The Aranca or Zlatica (Romanian: Aranca, Serbian: Златица / Zlatica, Hungarian: Aranka) is a 117 km long river in the Banat region of Romania and Serbia, left tributary of the river Tisa.

== Hydronymy==

The Serbian and Hungarian names of the river carry the meaning the golden river.

==Course==
The Aranca originates in the northern part of the Banat, near the village Sânpetru German, southwest of the city of Arad, Romania. It flows to the west, next to the large villages of Sânpetru Mare, Saravale, the town of Sânnicolau Mare, Dudeștii Vechi and Vălcani, where it leaves Romania after the course of 76 km and enters Serbia as the Zlatica for the remaining 41 km.

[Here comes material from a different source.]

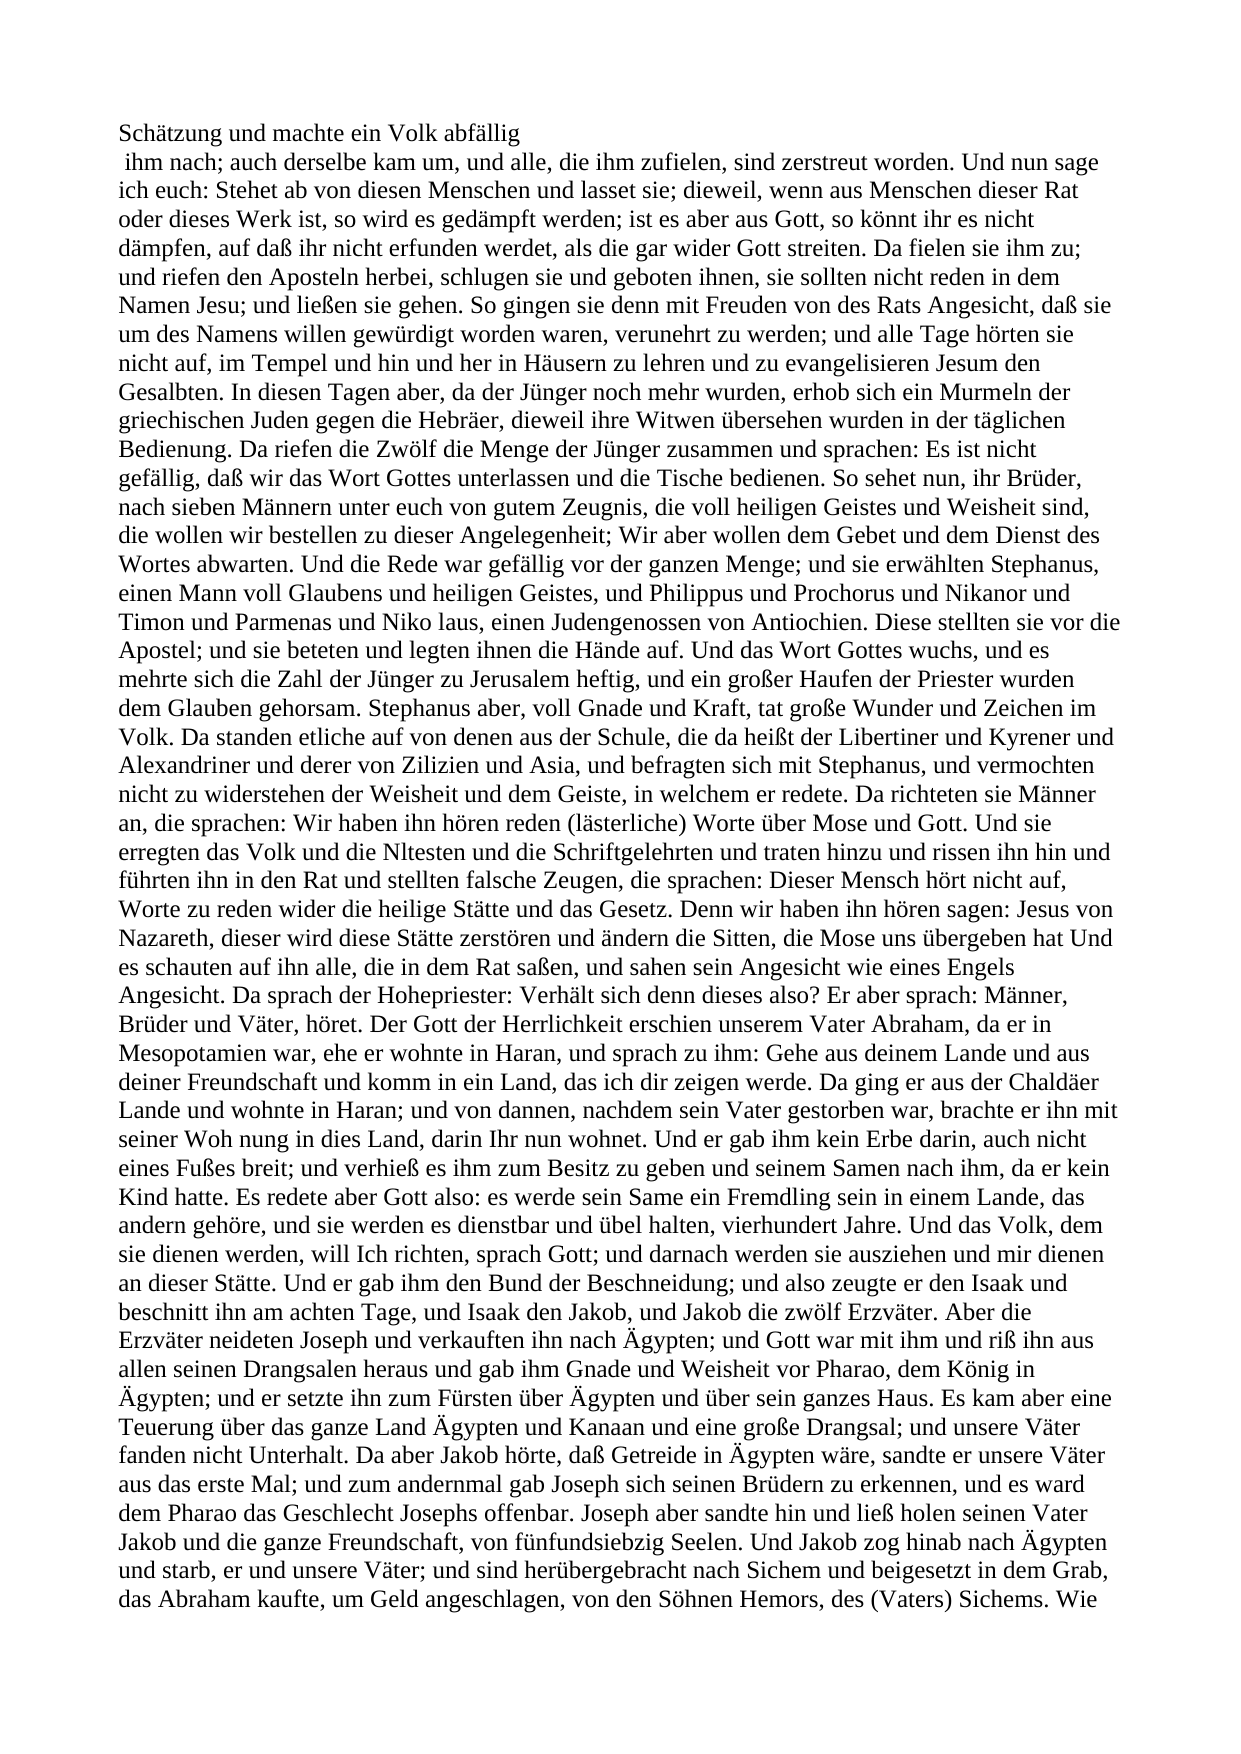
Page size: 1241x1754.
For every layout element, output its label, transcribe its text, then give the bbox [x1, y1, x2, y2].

text Schätzung und machte ein Volk abfällig [118, 118, 1122, 147]
text ihm nach; auch derselbe kam um, und alle, die ihm zufielen, sind zerstreut worden. Und nun sage ich euch: Stehet ab von diesen Menschen und lasset sie; dieweil, wenn aus Menschen dieser Rat oder dieses Werk ist, so wird es gedämpft werden; ist es aber aus Gott, so könnt ihr es nicht dämpfen, auf daß ihr nicht erfunden werdet, als die gar wider Gott streiten. Da fielen sie ihm zu; und riefen den Aposteln herbei, schlugen sie und geboten ihnen, sie sollten nicht reden in dem Namen Jesu; und ließen sie gehen. So gingen sie denn mit Freuden von des Rats Angesicht, daß sie um des Namens willen gewürdigt worden waren, verunehrt zu werden; und alle Tage hörten sie nicht auf, im Tempel und hin und her in Häusern zu lehren und zu evangelisieren Jesum den Gesalbten. In diesen Tagen aber, da der Jünger noch mehr wurden, erhob sich ein Murmeln der griechischen Juden gegen die Hebräer, dieweil ihre Witwen übersehen wurden in der täglichen Bedienung. Da riefen die Zwölf die Menge der Jünger zusammen und sprachen: Es ist nicht gefällig, daß wir das Wort Gottes unterlassen und die Tische bedienen. So sehet nun, ihr Brüder, nach sieben Männern unter euch von gutem Zeugnis, die voll heiligen Geistes und Weisheit sind, die wollen wir bestellen zu dieser Angelegenheit; Wir aber wollen dem Gebet und dem Dienst des Wortes abwarten. Und die Rede war gefällig vor der ganzen Menge; und sie erwählten Stephanus, einen Mann voll Glaubens und heiligen Geistes, und Philippus und Prochorus und Nikanor und Timon und Parmenas und Niko laus, einen Judengenossen von Antiochien. Diese stellten sie vor die Apostel; und sie beteten und legten ihnen die Hände auf. Und das Wort Gottes wuchs, und es mehrte sich die Zahl der Jünger zu Jerusalem heftig, und ein großer Haufen der Priester wurden dem Glauben gehorsam. Stephanus aber, voll Gnade und Kraft, tat große Wunder und Zeichen im Volk. Da standen etliche auf von denen aus der Schule, die da heißt der Libertiner und Kyrener und Alexandriner und derer von Zilizien und Asia, und befragten sich mit Stephanus, und vermochten nicht zu widerstehen der Weisheit und dem Geiste, in welchem er redete. Da richteten sie Männer an, die sprachen: Wir haben ihn hören reden (lästerliche) Worte über Mose und Gott. Und sie erregten das Volk und die Nltesten und die Schriftgelehrten und traten hinzu und rissen ihn hin und führten ihn in den Rat und stellten falsche Zeugen, die sprachen: Dieser Mensch hört nicht auf, Worte zu reden wider die heilige Stätte und das Gesetz. Denn wir haben ihn hören sagen: Jesus von Nazareth, dieser wird diese Stätte zerstören und ändern die Sitten, die Mose uns übergeben hat Und es schauten auf ihn alle, die in dem Rat saßen, und sahen sein Angesicht wie eines Engels Angesicht. Da sprach der Hohepriester: Verhält sich denn dieses also? Er aber sprach: Männer, Brüder und Väter, höret. Der Gott der Herrlichkeit erschien unserem Vater Abraham, da er in Mesopotamien war, ehe er wohnte in Haran, und sprach zu ihm: Gehe aus deinem Lande und aus deiner Freundschaft und komm in ein Land, das ich dir zeigen werde. Da ging er aus der Chaldäer Lande und wohnte in Haran; und von dannen, nachdem sein Vater gestorben war, brachte er ihn mit seiner Woh nung in dies Land, darin Ihr nun wohnet. Und er gab ihm kein Erbe darin, auch nicht eines Fußes breit; und verhieß es ihm zum Besitz zu geben und seinem Samen nach ihm, da er kein Kind hatte. Es redete aber Gott also: es werde sein Same ein Fremdling sein in einem Lande, das andern gehöre, und sie werden es dienstbar und übel halten, vierhundert Jahre. Und das Volk, dem sie dienen werden, will Ich richten, sprach Gott; und darnach werden sie ausziehen und mir dienen an dieser Stätte. Und er gab ihm den Bund der Beschneidung; und also zeugte er den Isaak und beschnitt ihn am achten Tage, und Isaak den Jakob, und Jakob die zwölf Erzväter. Aber die Erzväter neideten Joseph und verkauften ihn nach Ägypten; und Gott war mit ihm und riß ihn aus allen seinen Drangsalen heraus und gab ihm Gnade und Weisheit vor Pharao, dem König in Ägypten; und er setzte ihn zum Fürsten über Ägypten und über sein ganzes Haus. Es kam aber eine Teuerung über das ganze Land Ägypten und Kanaan und eine große Drangsal; und unsere Väter fanden nicht Unterhalt. Da aber Jakob hörte, daß Getreide in Ägypten wäre, sandte er unsere Väter aus das erste Mal; und zum andernmal gab Joseph sich seinen Brüdern zu erkennen, und es ward dem Pharao das Geschlecht Josephs offenbar. Joseph aber sandte hin und ließ holen seinen Vater Jakob und die ganze Freundschaft, von fünfundsiebzig Seelen. Und Jakob zog hinab nach Ägypten und starb, er und unsere Väter; und sind herübergebracht nach Sichem und beigesetzt in dem Grab, das Abraham kaufte, um Geld angeschlagen, von den Söhnen Hemors, des (Vaters) Sichems. Wie [118, 147, 1122, 1613]

In Serbia, the river turns southwest, receives from the right the Kikinda canal which connects it to the Canal Danube-Tisa-Danube to the south, flows next to the village of Padej and empties into the Tisa river at the town of Ada. Near the village of Banatski Monoštor the Zlatica receives from the right its main tributary, another Romanian-Serbian river, the Begej (not to be confused with larger Begej that flows into the Tisa).

==Characteristics==
The Aranca belongs to the Danube drainage basin, itself draining 1,470 km^{2} (790 km^{2} in Romania, 680 km^{2} in Serbia). In the lower part it has been channelized, so its navigable for the last 10 km and also very important for the irrigation of the arable land in its valley. Near the village of Jazovo, waters of the Zlatica are used for the Ostojićevo fish pond, and a natural Celeruša bog is also located there.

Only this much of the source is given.